Since CentOS Stream and Fedora brances will exist in the same git system, I
can see future Fedora CoreOS making use of slower-moving CentOS Stream
branches where useful. But that's all to be worked out.

------
awill
So who is this for? Blog post says this is for people who want to test stuff
before it lands in RHEL. Valuable to enterprise hardware/software companies
etc..

But, if it's sort of a rolling RHEL, then this could be excellent for people
who trust RHEL and want stability, but more frequent updates (which is exactly
why I know lots of people using Debian Testing over Stable).

------
nimbius
>The CentOS Stream project sits between the Fedora Project and RHEL in the
RHEL Development process, providing a "rolling preview" of future RHEL kernels
and features.

Thats what Fedora was originally for. Fedora advancements were mainlined into
RHEL, and RHEL was repackaged as Centos.

If i had to propose a theory...At worst, this is "embrace, extend,
extinguish." Tacking on a vainglorious service for an already successful
project thats siphoning potential customers. Centos cant directly relate their
brand to RedHat, but Redhat gets to call their offering "Centos Stream" when
Centos is itself a trademark? Its very suspicious.
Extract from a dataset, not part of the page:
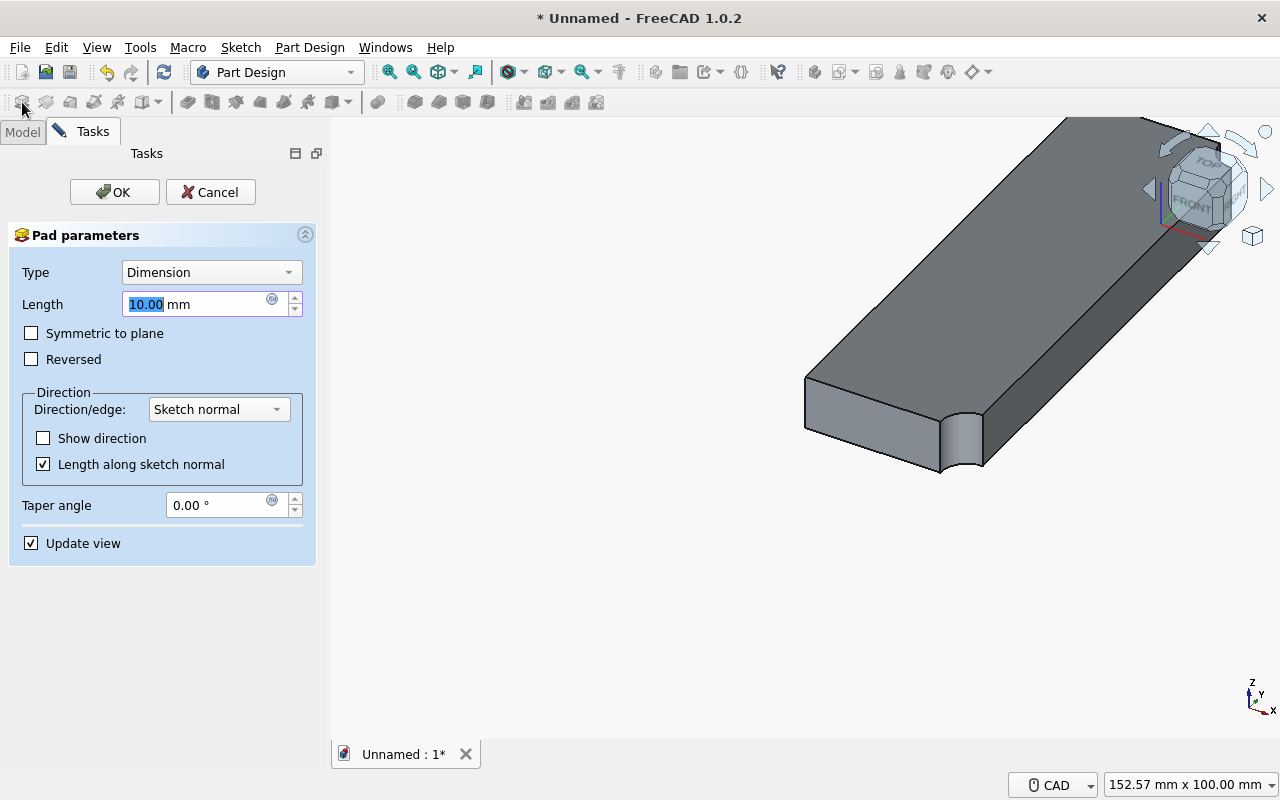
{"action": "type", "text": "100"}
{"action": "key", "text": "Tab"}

At best, this is Redhat acknowledging that they were absolutely blindsided by
Docker, Compose, and Kubernetes in RHEL7. This all existed in EPEL and
customers clearly felt preferential to the offerings themselves, while RedHat
had to scramble to allocate resources to Openshift, podman, and a potential
ground-up fork of Docker itself into Redhat as Swarm was clearly a direct
threat. SCL is dated and cludgy.

By injecting themselves into Centos, they may put themselves closer to a
developer market that theyve historically not been able to tap. Startups and
small businesses dont buy IBM/Redhat licenses or support. They also have a
chance to react to potential disasters like Docker much faster, albeit seeing
as they are a part of the big blue machine now, its hard to imagine this will
help in the long run.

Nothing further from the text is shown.